Proving Limit: f(x)=\frac{\sqrt{x+2}-\sqrt{2}}{\sqrt{x}}

[mtayab1994]

Homework Statement

f(x)=\frac{\sqrt{x+2}-\sqrt{2}}{\sqrt{x}}

Homework Equations

prove that: \lim_{x\rightarrow0}f(x)=0

The Attempt at a Solution

Alright i let ε>0 and i have to find α>0 (which depends on ε) so that if:

0<l x-a l< α, then l f(x)-L l<ε

Any help guys thank you before hand.

 

[sunjin09]

differentiate both numerator and denominator

 

[mtayab1994]

differentiate both num and denum

I haven't learned differentials yet, is there any other way to do it?

 

[sunjin09]

I haven't learned differentials yet, is there any other way to do it?

If you let u=\sqrt{x+2}-\sqrt{2}, you'll find
f=\frac{1}{\sqrt{1+2\sqrt{2}/u}}
the rest is obvious

 

[mtayab1994]

Yes but i have to prove that its true using the limit rule:

For every real ε > 0, there exists a real δ > 0 such that for all real x, 0 < | x − p | < δ implies | f(x) − L | < ε.

 

[mtayab1994]

I multiplied the numerator and the denominator by the conjugate of the numerator and at the end i got:

f=\frac{\sqrt{x}}{\sqrt{x-2}+\sqrt{2}}

and i substitute with the zero and i get that the limit as x approaches 0 of f(x) is 0 is that correct?

 

[vela]

Your idea is correct, but the numerator should be just x, not the square root of x.

 

[mtayab1994]

alright is that all that needs to be done?

 

[Mark44]

I multiplied the numerator and the denominator by the conjugate of the numerator and at the end i got:

f=\frac{\sqrt{x}}{\sqrt{x-2}+\sqrt{2}}

and i substitute with the zero and i get that the limit as x approaches 0 of f(x) is 0 is that correct?

Your denominator is incorrect.

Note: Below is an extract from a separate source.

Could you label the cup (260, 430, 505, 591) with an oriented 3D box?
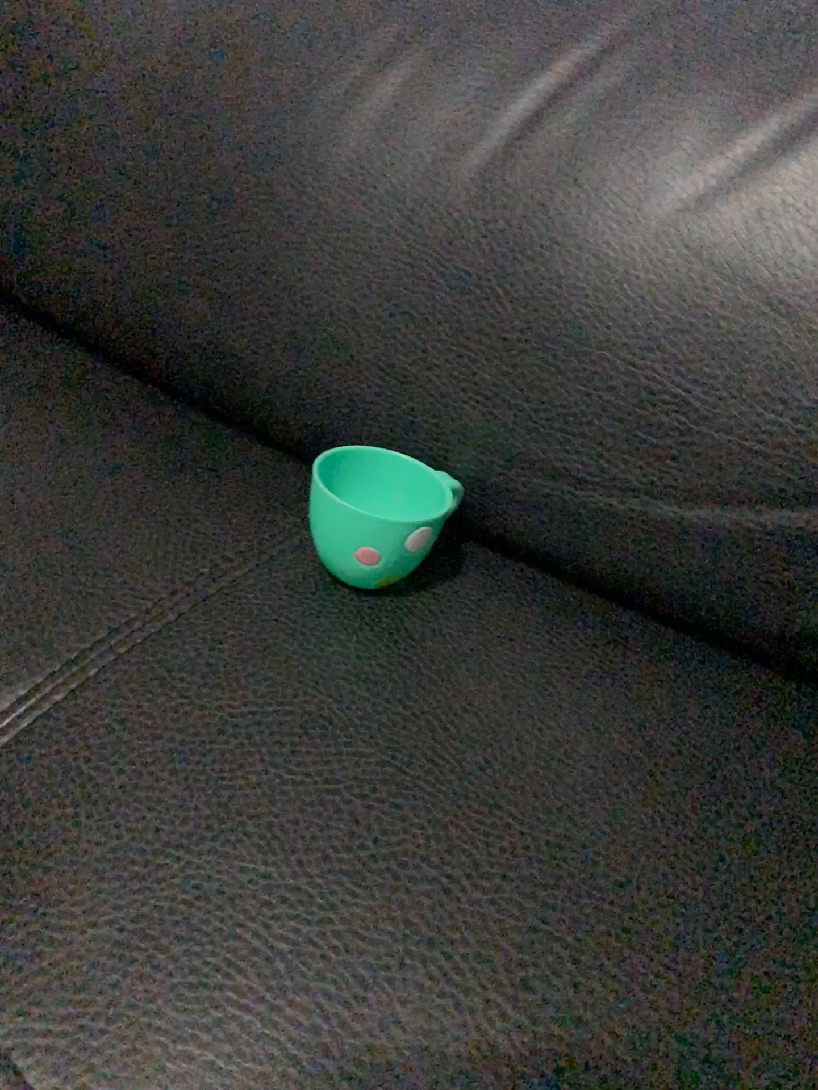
[{"bbox_3d":[-0.010,-0.014,0.300,0.063,0.030,0.054,-3,34,-37],"label":"cup"}]

If you take the limit as x approaches 0, the first radical in the denominator is undefined. Check your work.

 

[mtayab1994]

Your denominator is incorrect. If you take the limit as x approaches 0, the first radical in the denominator is undefined. Check your work.

sorry i wanted to put √(x+2)

 

[SammyS]

I multiplied the numerator and the denominator by the conjugate of the numerator and at the end i got:

f=\frac{\sqrt{x}}{\sqrt{x-2}+\sqrt{2}}

and i substitute with the zero and i get that the limit as x approaches 0 of f(x) is 0 is that correct?

With the correction given by Mark44, the result is:

\displaystyle f(x)=\frac{\sqrt{x}}{\sqrt{x+2}+\sqrt{2}}\ .​

And indeed, the numerator is √(x) as you have.

I gather from your Original Post, that you need to come up with a δ, ε -proof.

So, given an arbitrary ε > 0, you need to show that there is a δ ( which usually depends upon ε ) such that for any x, in the domain of f, that satisfies 0 < |x - 0| < δ, it's true that |f(x) - L|< ε. In this case L = 0.

 

[vela]

Oops, forgot about the $\sqrt{x}$ on the bottom. Just ignore me.